I'll have a lot more questions later when I really get involved in this project, probably around the beginning of February (right now I'm mainly planning and budgeting).
Thanks again!
Debra


----------



## Daryl in Nanoose (Jan 2, 2011)

Well good luck on everything and someones always here to help out Happy New year Debraanne :banana:


----------



## debraanne (Jan 3, 2011)

Thanks Daryl, happy New Year to you , also!


----------



## debraanne (Mar 27, 2011)

Okay, after months of research, I think we're going with the Q-Mark LFK 304 wall heater, 3000 watt. Does anyone have any feedback regarding this brand?


----------



## Daryl in Nanoose (Mar 27, 2011)

debraanne said:


> Okay, after months of research, I think we're going with the Q-Mark LFK 304 wall heater, 3000 watt. Does anyone have any feedback regarding this brand?
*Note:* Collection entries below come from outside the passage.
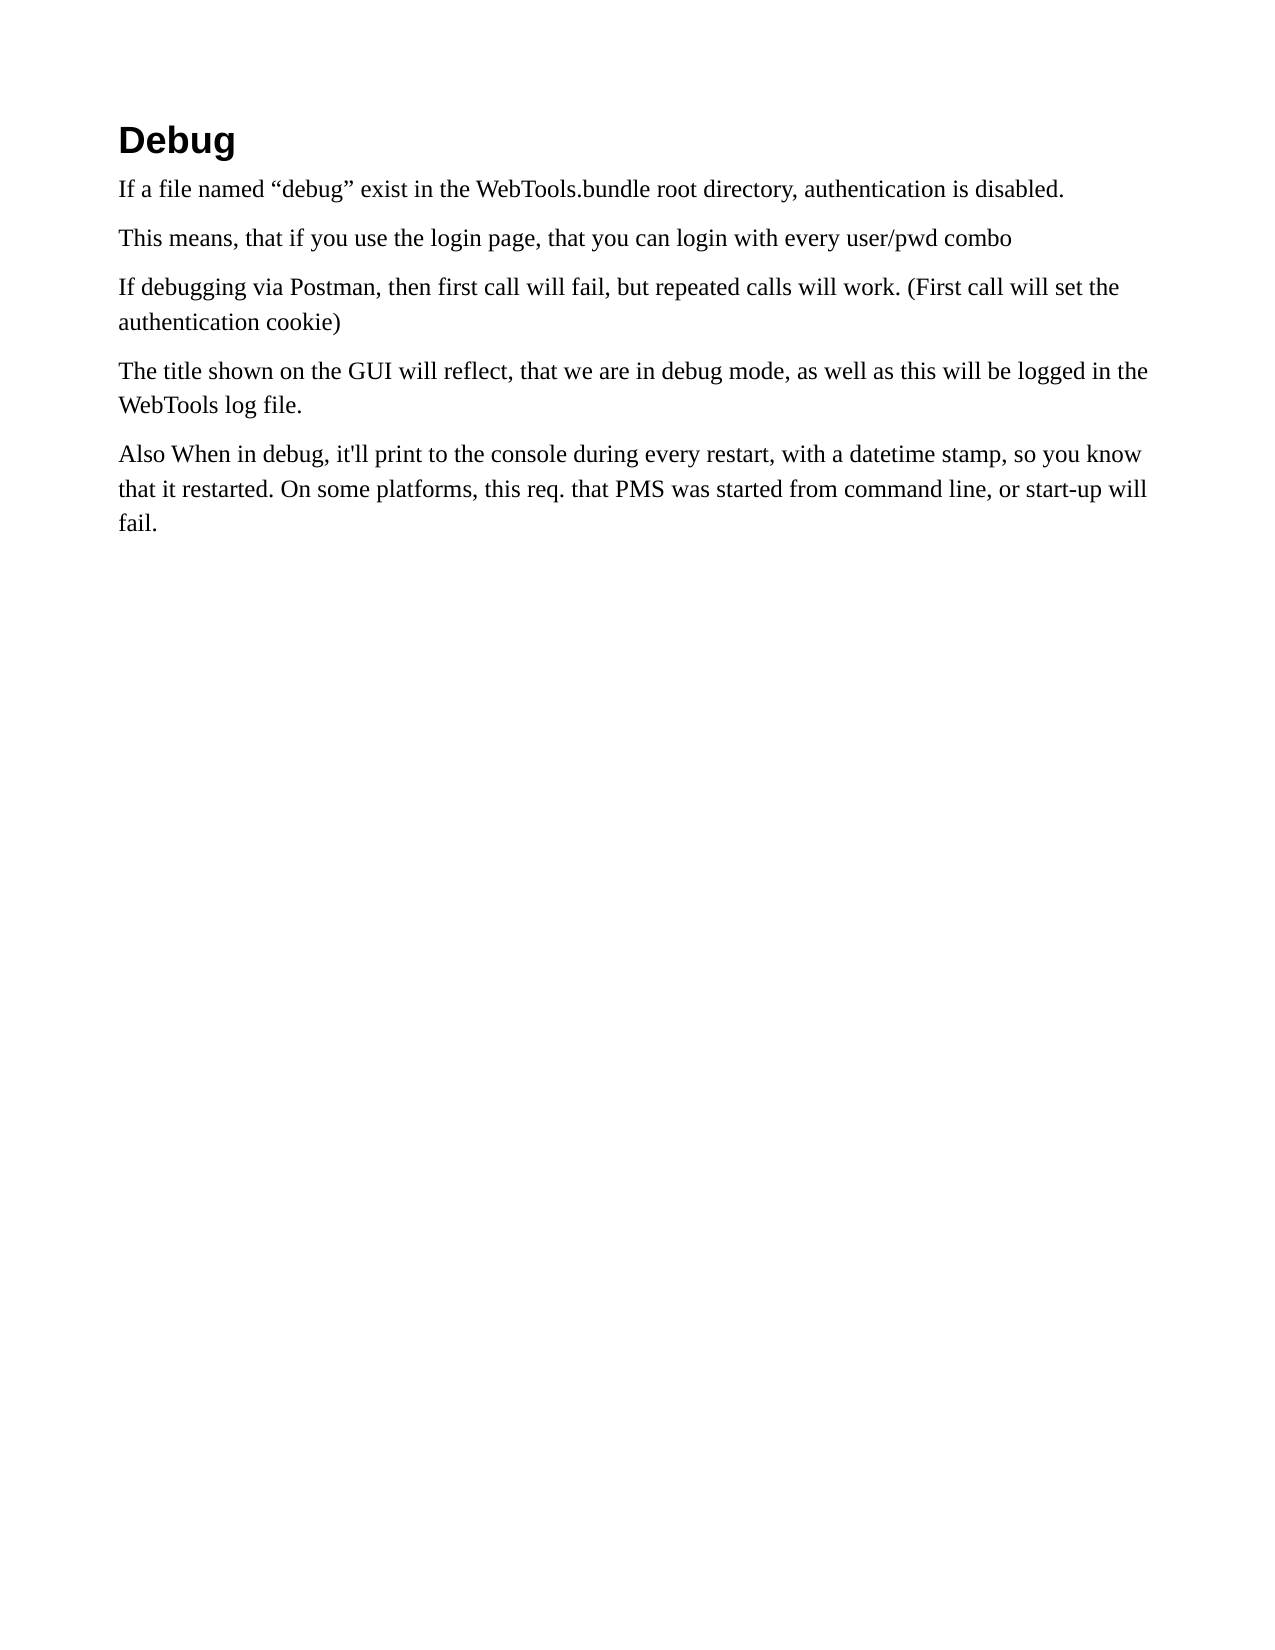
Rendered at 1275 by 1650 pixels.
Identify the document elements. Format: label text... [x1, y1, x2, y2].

text Also When in debug, it'll print to the console during every restart, with a datetime stamp, so you know that it restarted. On some platforms, this req. that PMS was started from command line, or start-up will fail. [118, 439, 1157, 537]
text If a file named “debug” exist in the WebTools.bundle root directory, authentication is disabled. [118, 174, 1157, 203]
text This means, that if you use the login page, that you can login with every user/pwd combo [118, 223, 1157, 252]
text The title shown on the GUI will reflect, that we are in debug mode, as well as this will be logged in the WebTools log file. [118, 356, 1157, 419]
text If debugging via Postman, then first call will fail, but repeated calls will work. (First call will set the authentication cookie) [118, 272, 1157, 336]
subtitle Debug [118, 118, 1157, 162]
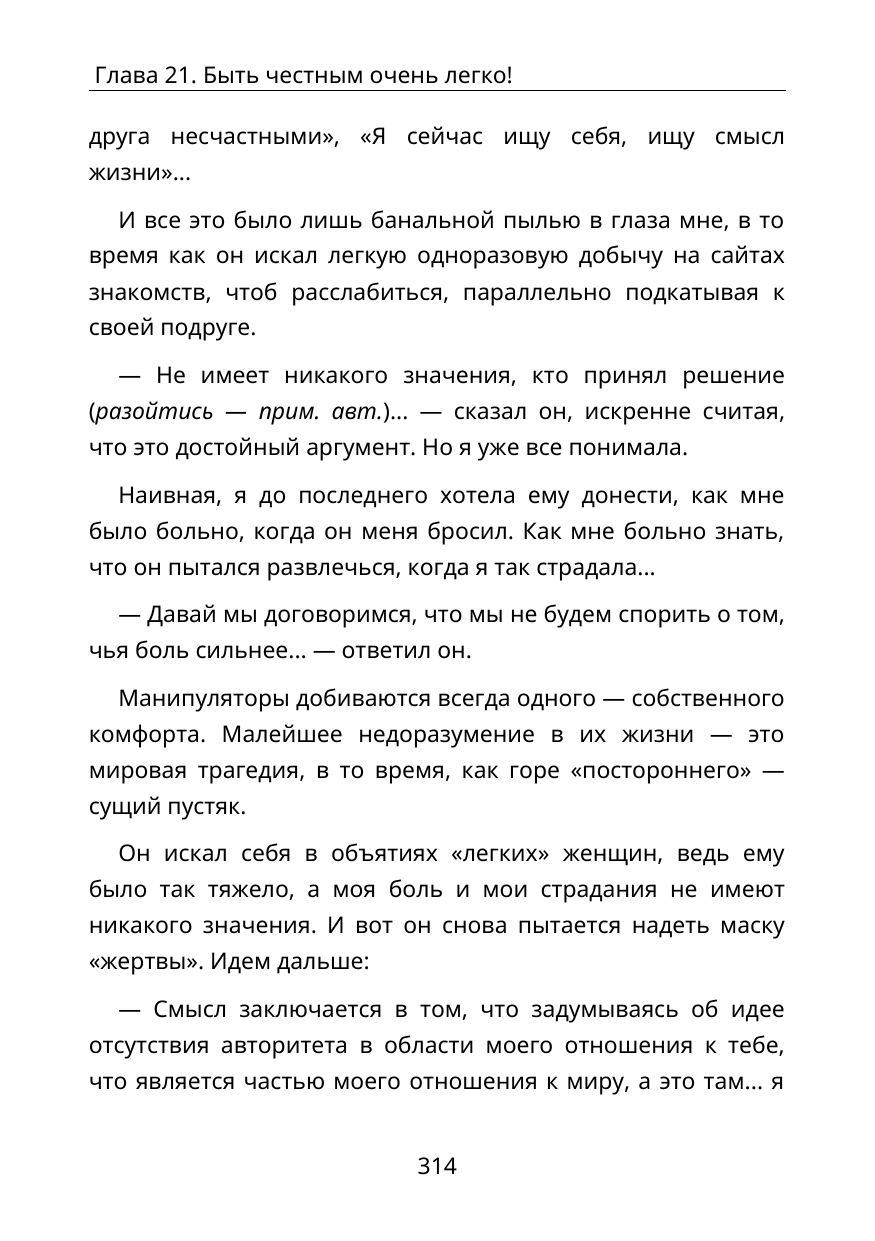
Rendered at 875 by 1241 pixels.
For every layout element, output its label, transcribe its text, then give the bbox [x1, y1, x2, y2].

Should do you just fine. One thing though I would have a proper wall thermostate put in, I hate the built in ones,


----------



## debraanne (Mar 29, 2011)

Thanks, Daryl. I'll check with my electrician about installing a wall thermostat.
I appreciate your feedback!


----------



## debraanne (Apr 7, 2011)

Would there be any advantage to going with the 4000 watt unit? Our electrician mentioned something about a larger unit working "less hard" to heat the space therefore possibly less electricity used? I know 3000 will keep the room warm enough, I'm concerned with energy ($$$$) usage????


----------



## Daryl in Nanoose (Apr 7, 2011)

I was just looking at these units at Pex Supply and the 4000 belts out almost 30% more heat in a hour and it's the same price so I would go for it. Sure hope were gonna see some pics of this renovation:banana:


----------



## debraanne (Apr 9, 2011)

Thanks, Daryl.
I'm taking pictures as we go along, so maybe I can figure out how to post them here


----------



## Daryl in Nanoose (Apr 9, 2011)

Can't wait to see them:banana:
Pictures are easy, when you click "post reply" and the reply window pops up type your text then scroll down and click "Manage Attachments" A new window will pop up and you will notice to ways to upload If you want to upload them from your computer then click "browse beside upload from your computer and locate your pics then select your picture then click "Upload. If you want to put more than one picture in then just click browse again and so on. You can only upload 5 per post. If you have any problems let me know


----------



## MrMiz (Apr 13, 2011)

Have you taken a look at Econo heat's wall mounts? I have purchased 2 of them and used them in the winter time. They don't work well with large spaces but at 170sq foot I think your probably ok with one or 2. Especially since your only looking at keeping it above freezing. Below is a link. Again since I have purchased and used them I wouldn't recommend them as a replacement to a house heating system, but I think they would work good for what you're looking at.

eHeat


----------



## debraanne (Apr 14, 2011)

Okay, I think I can figure out the picture-posting thing.....


----------